* _TASK DIRECTIONS_:
Reproduce all the lines below exactly and omit the images.
━━━━━ STUDY MATERIAL
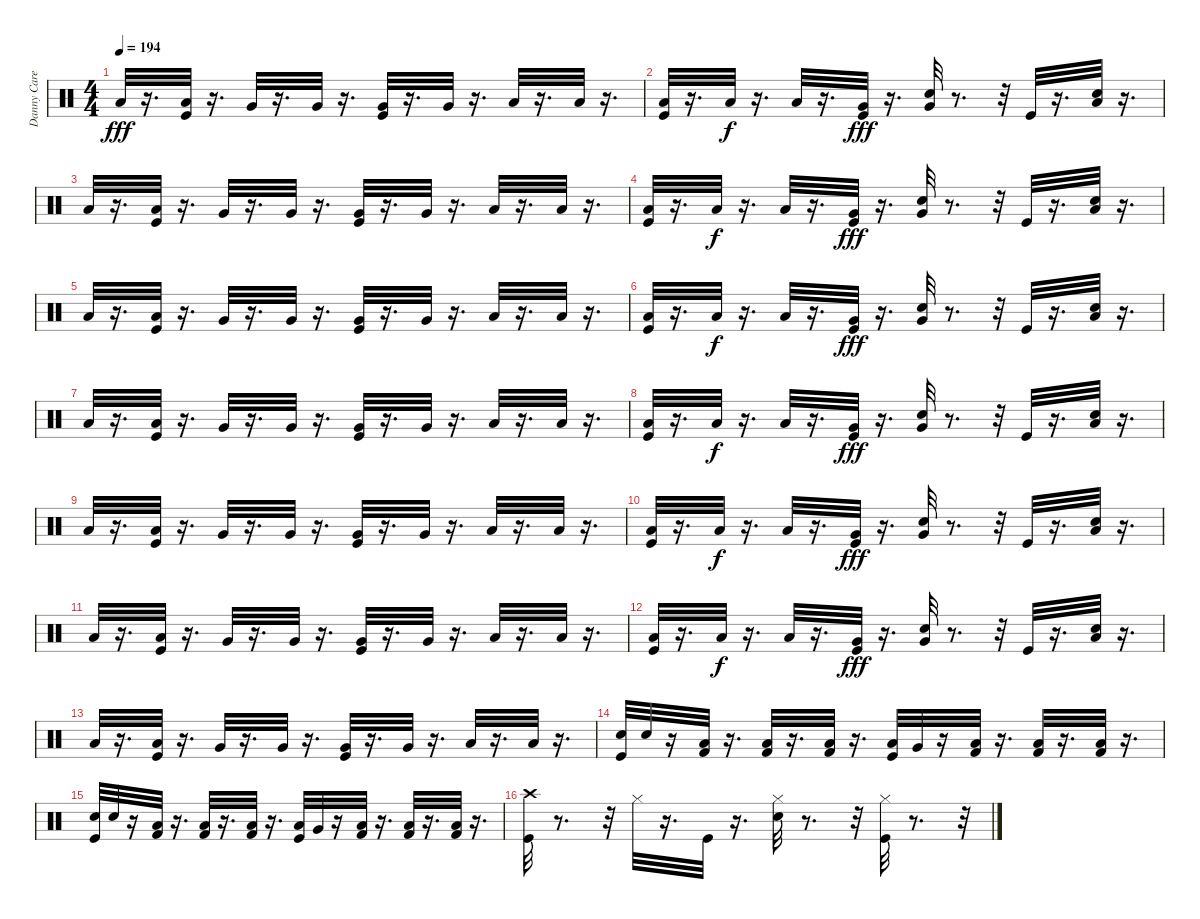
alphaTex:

\track ("Danny Carey" "Danny Care") {instrument percussion}
\staff {score}
\articulation defaults
\ts (4 4)
\tempo 194
\clef neutral
\ks c "Low Tom (hit)".32{dy fff}
r.16{d} ("Low Tom (hit)" "Kick (hit)").32 r.16{d} "Very Low Tom (hit)".32 r.16{d} "Very Low Tom (hit)".32 r.16{d} ("Very Low Tom (hit)" "Kick (hit)").32 r.16{d} "Very Low Tom (hit)".32 r.16{d} "Low Floor Tom (hit)".32 r.16{d} "Low Floor Tom (hit)".32 r.16{d} |
("Low Floor Tom (hit)" "Kick (hit)").32 r.16{d} "Low Floor Tom (hit)".32{dy f} r.16{d} "Low Floor Tom (hit)".32 r.16{d} ("Very Low Tom (hit)" "Kick (hit)").32{dy fff} r.16{d} ("Very Low Tom (hit)" "Snare (hit) 2").32 r.8{d} r.32 "Kick (hit)".32 r.16{d} ("Low Tom (hit)" "Snare (hit) 2").32 r.16{d} |
"Low Tom (hit)".32 r.16{d} ("Low Tom (hit)" "Kick (hit)").32 r.16{d} "Very Low Tom (hit)".32 r.16{d} "Very Low Tom (hit)".32 r.16{d} ("Very Low Tom (hit)" "Kick (hit)").32 r.16{d} "Very Low Tom (hit)".32 r.16{d} "Low Floor Tom (hit)".32 r.16{d} "Low Floor Tom (hit)".32 r.16{d} |
("Low Floor Tom (hit)" "Kick (hit)").32 r.16{d} "Low Floor Tom (hit)".32{dy f} r.16{d} "Low Floor Tom (hit)".32 r.16{d} ("Very Low Tom (hit)" "Kick (hit)").32{dy fff} r.16{d} ("Very Low Tom (hit)" "Snare (hit) 2").32 r.8{d} r.32 "Kick (hit)".32 r.16{d} ("Low Tom (hit)" "Snare (hit) 2").32 r.16{d} |
"Low Tom (hit)".32 r.16{d} ("Low Tom (hit)" "Kick (hit)").32 r.16{d} "Very Low Tom (hit)".32 r.16{d} "Very Low Tom (hit)".32 r.16{d} ("Very Low Tom (hit)" "Kick (hit)").32 r.16{d} "Very Low Tom (hit)".32 r.16{d} "Low Floor Tom (hit)".32 r.16{d} "Low Floor Tom (hit)".32 r.16{d} |
("Low Floor Tom (hit)" "Kick (hit)").32 r.16{d} "Low Floor Tom (hit)".32{dy f} r.16{d} "Low Floor Tom (hit)".32 r.16{d} ("Very Low Tom (hit)" "Kick (hit)").32{dy fff} r.16{d} ("Very Low Tom (hit)" "Snare (hit) 2").32 r.8{d} r.32 "Kick (hit)".32 r.16{d} ("Low Tom (hit)" "Snare (hit) 2").32 r.16{d} |
"Low Tom (hit)".32 r.16{d} ("Low Tom (hit)" "Kick (hit)").32 r.16{d} "Very Low Tom (hit)".32 r.16{d} "Very Low Tom (hit)".32 r.16{d} ("Very Low Tom (hit)" "Kick (hit)").32 r.16{d} "Very Low Tom (hit)".32 r.16{d} "Low Floor Tom (hit)".32 r.16{d} "Low Floor Tom (hit)".32 r.16{d} |
("Low Floor Tom (hit)" "Kick (hit)").32 r.16{d} "Low Floor Tom (hit)".32{dy f} r.16{d} "Low Floor Tom (hit)".32 r.16{d} ("Very Low Tom (hit)" "Kick (hit)").32{dy fff} r.16{d} ("Very Low Tom (hit)" "Snare (hit) 2").32 r.8{d} r.32 "Kick (hit)".32 r.16{d} ("Low Tom (hit)" "Snare (hit) 2").32 r.16{d} |
"Low Tom (hit)".32 r.16{d} ("Low Tom (hit)" "Kick (hit)").32 r.16{d} "Very Low Tom (hit)".32 r.16{d} "Very Low Tom (hit)".32 r.16{d} ("Very Low Tom (hit)" "Kick (hit)").32 r.16{d} "Very Low Tom (hit)".32 r.16{d} "Low Floor Tom (hit)".32 r.16{d} "Low Floor Tom (hit)".32 r.16{d} |
("Low Floor Tom (hit)" "Kick (hit)").32 r.16{d} "Low Floor Tom (hit)".32{dy f} r.16{d} "Low Floor Tom (hit)".32 r.16{d} ("Very Low Tom (hit)" "Kick (hit)").32{dy fff} r.16{d} ("Very Low Tom (hit)" "Snare (hit) 2").32 r.8{d} r.32 "Kick (hit)".32 r.16{d} ("Low Tom (hit)" "Snare (hit) 2").32 r.16{d} |
"Low Tom (hit)".32 r.16{d} ("Low Tom (hit)" "Kick (hit)").32 r.16{d} "Very Low Tom (hit)".32 r.16{d} "Very Low Tom (hit)".32 r.16{d} ("Very Low Tom (hit)" "Kick (hit)").32 r.16{d} "Very Low Tom (hit)".32 r.16{d} "Low Floor Tom (hit)".32 r.16{d} "Low Floor Tom (hit)".32 r.16{d} |
("Low Floor Tom (hit)" "Kick (hit)").32 r.16{d} "Low Floor Tom (hit)".32{dy f} r.16{d} "Low Floor Tom (hit)".32 r.16{d} ("Very Low Tom (hit)" "Kick (hit)").32{dy fff} r.16{d} ("Very Low Tom (hit)" "Snare (hit) 2").32 r.8{d} r.32 "Kick (hit)".32 r.16{d} ("Low Tom (hit)" "Snare (hit) 2").32 r.16{d} |
"Low Tom (hit)".32 r.16{d} ("Low Tom (hit)" "Kick (hit)").32 r.16{d} "Very Low Tom (hit)".32 r.16{d} "Very Low Tom (hit)".32 r.16{d} ("Very Low Tom (hit)" "Kick (hit)").32 r.16{d} "Very Low Tom (hit)".32 r.16{d} "Low Floor Tom (hit)".32 r.16{d} "Low Floor Tom (hit)".32 r.16{d} |
("Snare (hit) 2" "Kick (hit)").32 "Snare (hit) 2".32 r.16 ("Low Floor Tom (hit)" "Kick (hit) 2").32 r.16{d} ("Low Floor Tom (hit)" "Kick (hit) 2").32 r.16{d} ("Low Floor Tom (hit)" "Kick (hit) 2").32 r.16{d} ("Low Floor Tom (hit)" "Kick (hit)").32 "Very Low Tom (hit)".32 r.16 ("Low Floor Tom (hit)" "Kick (hit) 2").32 r.16{d} ("Low Floor Tom (hit)" "Kick (hit) 2").32 r.16{d} ("Low Floor Tom (hit)" "Kick (hit) 2").32 r.16{d} |
("Snare (hit) 2" "Kick (hit)").32 "Snare (hit) 2".32 r.16 ("Low Floor Tom (hit)" "Kick (hit) 2").32 r.16{d} ("Low Floor Tom (hit)" "Kick (hit) 2").32 r.16{d} ("Low Floor Tom (hit)" "Kick (hit) 2").32 r.16{d} ("Low Floor Tom (hit)" "Kick (hit)").32 "Very Low Tom (hit)".32 r.16 ("Low Floor Tom (hit)" "Kick (hit) 2").32 r.16{d} ("Low Floor Tom (hit)" "Kick (hit) 2").32 r.16{d} ("Low Floor Tom (hit)" "Kick (hit) 2").32 r.16{d} |
("Crash high (hit)" "Kick (hit)").32 r.8{d} r.32 "Hi-Hat (closed)".32 r.16{d} "Kick (hit)".32 r.16{d} ("Hi-Hat (closed)" "Snare (hit) 2").32 r.8{d} r.32 ("Hi-Hat (closed)" "Kick (hit)").32 r.8{d} r.32
━━━━━━━━━━
* _COMPLETED EXERCISE_:
alphaTex:

\track ("Danny Carey" "Danny Care") {instrument percussion}
\staff {score}
\articulation defaults
\ts (4 4)
\tempo 194
\clef neutral
\ks c "Low Tom (hit)".32{dy fff}
r.16{d} ("Low Tom (hit)" "Kick (hit)").32 r.16{d} "Very Low Tom (hit)".32 r.16{d} "Very Low Tom (hit)".32 r.16{d} ("Very Low Tom (hit)" "Kick (hit)").32 r.16{d} "Very Low Tom (hit)".32 r.16{d} "Low Floor Tom (hit)".32 r.16{d} "Low Floor Tom (hit)".32 r.16{d} |
("Low Floor Tom (hit)" "Kick (hit)").32 r.16{d} "Low Floor Tom (hit)".32{dy f} r.16{d} "Low Floor Tom (hit)".32 r.16{d} ("Very Low Tom (hit)" "Kick (hit)").32{dy fff} r.16{d} ("Very Low Tom (hit)" "Snare (hit) 2").32 r.8{d} r.32 "Kick (hit)".32 r.16{d} ("Low Tom (hit)" "Snare (hit) 2").32 r.16{d} |
"Low Tom (hit)".32 r.16{d} ("Low Tom (hit)" "Kick (hit)").32 r.16{d} "Very Low Tom (hit)".32 r.16{d} "Very Low Tom (hit)".32 r.16{d} ("Very Low Tom (hit)" "Kick (hit)").32 r.16{d} "Very Low Tom (hit)".32 r.16{d} "Low Floor Tom (hit)".32 r.16{d} "Low Floor Tom (hit)".32 r.16{d} |
("Low Floor Tom (hit)" "Kick (hit)").32 r.16{d} "Low Floor Tom (hit)".32{dy f} r.16{d} "Low Floor Tom (hit)".32 r.16{d} ("Very Low Tom (hit)" "Kick (hit)").32{dy fff} r.16{d} ("Very Low Tom (hit)" "Snare (hit) 2").32 r.8{d} r.32 "Kick (hit)".32 r.16{d} ("Low Tom (hit)" "Snare (hit) 2").32 r.16{d} |
"Low Tom (hit)".32 r.16{d} ("Low Tom (hit)" "Kick (hit)").32 r.16{d} "Very Low Tom (hit)".32 r.16{d} "Very Low Tom (hit)".32 r.16{d} ("Very Low Tom (hit)" "Kick (hit)").32 r.16{d} "Very Low Tom (hit)".32 r.16{d} "Low Floor Tom (hit)".32 r.16{d} "Low Floor Tom (hit)".32 r.16{d} |
("Low Floor Tom (hit)" "Kick (hit)").32 r.16{d} "Low Floor Tom (hit)".32{dy f} r.16{d} "Low Floor Tom (hit)".32 r.16{d} ("Very Low Tom (hit)" "Kick (hit)").32{dy fff} r.16{d} ("Very Low Tom (hit)" "Snare (hit) 2").32 r.8{d} r.32 "Kick (hit)".32 r.16{d} ("Low Tom (hit)" "Snare (hit) 2").32 r.16{d} |
"Low Tom (hit)".32 r.16{d} ("Low Tom (hit)" "Kick (hit)").32 r.16{d} "Very Low Tom (hit)".32 r.16{d} "Very Low Tom (hit)".32 r.16{d} ("Very Low Tom (hit)" "Kick (hit)").32 r.16{d} "Very Low Tom (hit)".32 r.16{d} "Low Floor Tom (hit)".32 r.16{d} "Low Floor Tom (hit)".32 r.16{d} |
("Low Floor Tom (hit)" "Kick (hit)").32 r.16{d} "Low Floor Tom (hit)".32{dy f} r.16{d} "Low Floor Tom (hit)".32 r.16{d} ("Very Low Tom (hit)" "Kick (hit)").32{dy fff} r.16{d} ("Very Low Tom (hit)" "Snare (hit) 2").32 r.8{d} r.32 "Kick (hit)".32 r.16{d} ("Low Tom (hit)" "Snare (hit) 2").32 r.16{d} |
"Low Tom (hit)".32 r.16{d} ("Low Tom (hit)" "Kick (hit)").32 r.16{d} "Very Low Tom (hit)".32 r.16{d} "Very Low Tom (hit)".32 r.16{d} ("Very Low Tom (hit)" "Kick (hit)").32 r.16{d} "Very Low Tom (hit)".32 r.16{d} "Low Floor Tom (hit)".32 r.16{d} "Low Floor Tom (hit)".32 r.16{d} |
("Low Floor Tom (hit)" "Kick (hit)").32 r.16{d} "Low Floor Tom (hit)".32{dy f} r.16{d} "Low Floor Tom (hit)".32 r.16{d} ("Very Low Tom (hit)" "Kick (hit)").32{dy fff} r.16{d} ("Very Low Tom (hit)" "Snare (hit) 2").32 r.8{d} r.32 "Kick (hit)".32 r.16{d} ("Low Tom (hit)" "Snare (hit) 2").32 r.16{d} |
"Low Tom (hit)".32 r.16{d} ("Low Tom (hit)" "Kick (hit)").32 r.16{d} "Very Low Tom (hit)".32 r.16{d} "Very Low Tom (hit)".32 r.16{d} ("Very Low Tom (hit)" "Kick (hit)").32 r.16{d} "Very Low Tom (hit)".32 r.16{d} "Low Floor Tom (hit)".32 r.16{d} "Low Floor Tom (hit)".32 r.16{d} |
("Low Floor Tom (hit)" "Kick (hit)").32 r.16{d} "Low Floor Tom (hit)".32{dy f} r.16{d} "Low Floor Tom (hit)".32 r.16{d} ("Very Low Tom (hit)" "Kick (hit)").32{dy fff} r.16{d} ("Very Low Tom (hit)" "Snare (hit) 2").32 r.8{d} r.32 "Kick (hit)".32 r.16{d} ("Low Tom (hit)" "Snare (hit) 2").32 r.16{d} |
"Low Tom (hit)".32 r.16{d} ("Low Tom (hit)" "Kick (hit)").32 r.16{d} "Very Low Tom (hit)".32 r.16{d} "Very Low Tom (hit)".32 r.16{d} ("Very Low Tom (hit)" "Kick (hit)").32 r.16{d} "Very Low Tom (hit)".32 r.16{d} "Low Floor Tom (hit)".32 r.16{d} "Low Floor Tom (hit)".32 r.16{d} |
("Snare (hit) 2" "Kick (hit)").32 "Snare (hit) 2".32 r.16 ("Low Floor Tom (hit)" "Kick (hit) 2").32 r.16{d} ("Low Floor Tom (hit)" "Kick (hit) 2").32 r.16{d} ("Low Floor Tom (hit)" "Kick (hit) 2").32 r.16{d} ("Low Floor Tom (hit)" "Kick (hit)").32 "Very Low Tom (hit)".32 r.16 ("Low Floor Tom (hit)" "Kick (hit) 2").32 r.16{d} ("Low Floor Tom (hit)" "Kick (hit) 2").32 r.16{d} ("Low Floor Tom (hit)" "Kick (hit) 2").32 r.16{d} |
("Snare (hit) 2" "Kick (hit)").32 "Snare (hit) 2".32 r.16 ("Low Floor Tom (hit)" "Kick (hit) 2").32 r.16{d} ("Low Floor Tom (hit)" "Kick (hit) 2").32 r.16{d} ("Low Floor Tom (hit)" "Kick (hit) 2").32 r.16{d} ("Low Floor Tom (hit)" "Kick (hit)").32 "Very Low Tom (hit)".32 r.16 ("Low Floor Tom (hit)" "Kick (hit) 2").32 r.16{d} ("Low Floor Tom (hit)" "Kick (hit) 2").32 r.16{d} ("Low Floor Tom (hit)" "Kick (hit) 2").32 r.16{d} |
("Crash high (hit)" "Kick (hit)").32 r.8{d} r.32 "Hi-Hat (closed)".32 r.16{d} "Kick (hit)".32 r.16{d} ("Hi-Hat (closed)" "Snare (hit) 2").32 r.8{d} r.32 ("Hi-Hat (closed)" "Kick (hit)").32 r.8{d} r.32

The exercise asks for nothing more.